Get important education news and analysis delivered straight to your inbox
Striking teachers in Chicago are fighting a contentious education reform that could overhaul how teachers are paid and evaluated, highlighting the difficulty of judging teachers by the performance of their students.
While the debate plays out dramatically in Illinois, new teacher evaluation systems have created conflict in other states, including Florida and Tennessee, which now use students’ standardized test scores in their evaluations of teachers. And the stakes of such evaluations are increasing in many places, with personnel decisions often hinging on the results.
A 2010 law passed in Illinois requires that all schools in the state adopt a new evaluation system by the 2016-2017 school year. In Chicago, student “growth”—or improvement—on standardized tests will count for at least 25 percent of a teacher’s evaluation, a system that Chicago Teachers Union President Karen Lewis has called “unacceptable.”
Lewis says that the new system will place undue emphasis on scores affected by student factors outside of a teacher’s control, like poverty and homelessness.
Her concerns echo those voiced by teachers around the country, who argue that student growth measures are unproven and should not be used in decisions about tenure and layoffs. Proponents say the new systems are far superior to those of the past and hold teachers accountable for how much students do—or do not—learn in their classrooms.
For decades, teacher evaluations were based on infrequent, scheduled observations. In most cases, teachers would be deemed either satisfactory or unsatisfactory, and unsatisfactory ratings were rare.
Chicago’s evaluation system, developed in the 1970s, is based on “a checklist of subjective, surface level details such as references to clothing, administrative tasks, and bulletin boards,” the Chicago Public Schools said in a press release earlier this year.
Since 2010, The Hechinger Report has been taking an in-depth look at efforts to improve teacher effectiveness. What’s the best way to identify a good teacher? Should test scores be used to hire and fire teachers? How is the role of a school principal changing? Are schools improving as a result of the new efforts?
The push to change teacher evaluations has been driven largely by nonprofit groups and politicians, and it follows research demonstrating that teacher effectiveness is the most important in school-factor affecting student performance.
The Obama administration’s 4.35 billion dollar Race to the Top initiative, a competitive grant that offered states money in return for reforms, included incentives for states to adopt evaluation procedures aimed at better determining teacher effectiveness.

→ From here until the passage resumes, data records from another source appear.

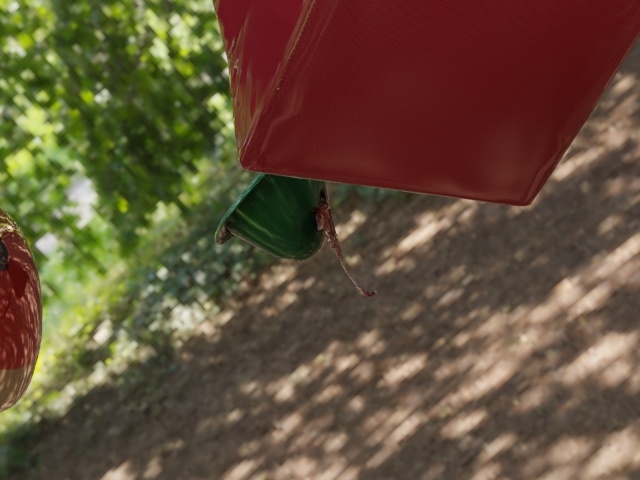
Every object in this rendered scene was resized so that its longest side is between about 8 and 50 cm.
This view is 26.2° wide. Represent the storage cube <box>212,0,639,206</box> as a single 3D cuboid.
[{"bbox_3d":[0.059,-0.155,0.775,0.193,0.215,0.183,117,150,-41],"label":"storage cube"}]

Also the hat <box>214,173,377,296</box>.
[{"bbox_3d":[0.000,0.000,1.542,0.208,0.183,0.173,-42,-8,-49],"label":"hat"}]

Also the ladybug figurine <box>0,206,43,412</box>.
[{"bbox_3d":[-0.376,0.019,1.104,0.162,0.305,0.449,-61,-17,5],"label":"ladybug figurine"}]
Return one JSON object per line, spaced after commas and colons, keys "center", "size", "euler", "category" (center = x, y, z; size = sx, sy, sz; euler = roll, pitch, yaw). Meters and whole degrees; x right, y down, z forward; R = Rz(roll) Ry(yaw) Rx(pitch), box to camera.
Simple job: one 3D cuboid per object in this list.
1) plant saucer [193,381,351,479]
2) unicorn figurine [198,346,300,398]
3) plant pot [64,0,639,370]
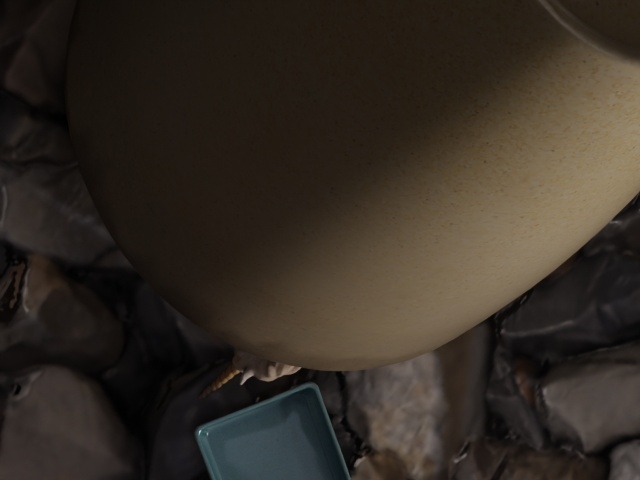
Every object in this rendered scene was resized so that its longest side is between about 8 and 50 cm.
{"center": [-0.003, 0.169, 0.913], "size": [0.067, 0.018, 0.192], "euler": [-21, 100, -11], "category": "plant saucer"}
{"center": [0.000, 0.000, 0.878], "size": [0.162, 0.060, 0.111], "euler": [-21, 95, -8], "category": "unicorn figurine"}
{"center": [0.057, -0.090, 0.738], "size": [0.257, 0.274, 0.256], "euler": [5, 77, -23], "category": "plant pot"}
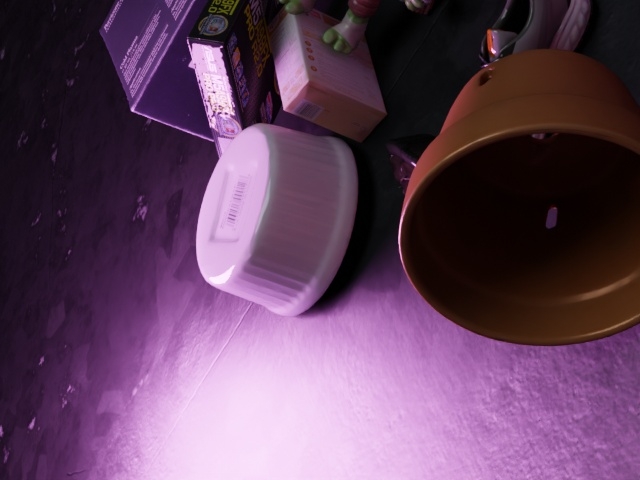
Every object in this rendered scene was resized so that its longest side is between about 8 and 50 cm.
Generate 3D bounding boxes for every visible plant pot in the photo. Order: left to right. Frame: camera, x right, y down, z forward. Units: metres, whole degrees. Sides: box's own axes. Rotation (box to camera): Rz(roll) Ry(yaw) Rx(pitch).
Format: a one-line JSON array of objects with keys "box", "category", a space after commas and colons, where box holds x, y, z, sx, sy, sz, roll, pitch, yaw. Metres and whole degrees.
[{"box": [0.230, -0.061, 1.303, 0.291, 0.291, 0.203, -45, 24, 36], "category": "plant pot"}]

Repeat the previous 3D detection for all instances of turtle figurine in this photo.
[{"box": [0.054, -0.383, 1.724, 0.266, 0.198, 0.274, -51, 32, 34], "category": "turtle figurine"}]

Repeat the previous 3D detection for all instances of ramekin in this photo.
[{"box": [-0.072, -0.037, 1.840, 0.277, 0.135, 0.277, -39, 42, 48], "category": "ramekin"}]

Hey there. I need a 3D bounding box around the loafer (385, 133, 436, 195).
[{"box": [0.140, -0.089, 1.607, 0.220, 0.080, 0.078, -122, 21, -78], "category": "loafer"}]

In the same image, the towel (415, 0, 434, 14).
[{"box": [0.200, -0.507, 1.790, 0.329, 0.037, 0.237, -51, 37, 29], "category": "towel"}]

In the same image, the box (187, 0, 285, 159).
[{"box": [-0.113, -0.279, 1.912, 0.270, 0.060, 0.216, 80, -153, -51], "category": "box"}]

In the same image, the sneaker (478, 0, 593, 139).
[{"box": [0.225, -0.191, 1.514, 0.100, 0.108, 0.271, 29, 102, 57], "category": "sneaker"}]

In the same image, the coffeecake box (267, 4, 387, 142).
[{"box": [0.008, -0.250, 1.846, 0.068, 0.142, 0.185, -46, 39, 34], "category": "coffeecake box"}]

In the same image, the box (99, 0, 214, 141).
[{"box": [-0.217, -0.414, 2.246, 0.343, 0.179, 0.312, -56, 36, 22], "category": "box"}]
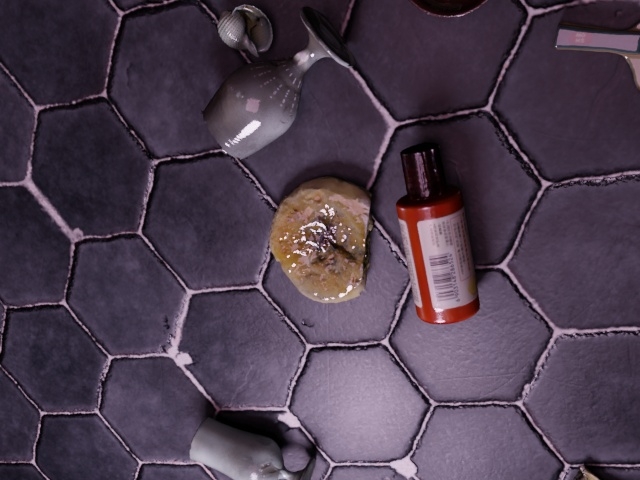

New teacher evaluation systems have been changed in at least 33 states since 2009, and more than two dozen states are relying on both observations and student growth on test scores to judge a teacher’s effectiveness. Many states are using “value-added” models to grade teachers, which involve complex formulas that take into account factors like a student’s past test scores and attendance to predict what his or her score will be on this year’s test. Teachers in these states will be held responsible for getting their students to meet or exceed that expected score.
Chicago will use a value-added model at the elementary level and an “expected gain model” at the high school level. The expected gain model does not take other factors like attendance or poverty into account, and only measures the percentage of a teacher’s students who meet or surpass their expected growth scores, which are based on beginning-of-year tests.
Other systems rolling out new evaluation systems have also experienced push-back. In 2010, when officials in Washington, D.C., implemented a new evaluation system, seven percent of the teaching force was fired. In Tennessee, where student test scores count for 35 percent of a teacher’s evaluation, questions have been raised about the system’s accuracy and reliability, with someteachers seeing inconsistencies between the scores they receive on observations and their value-added ratings.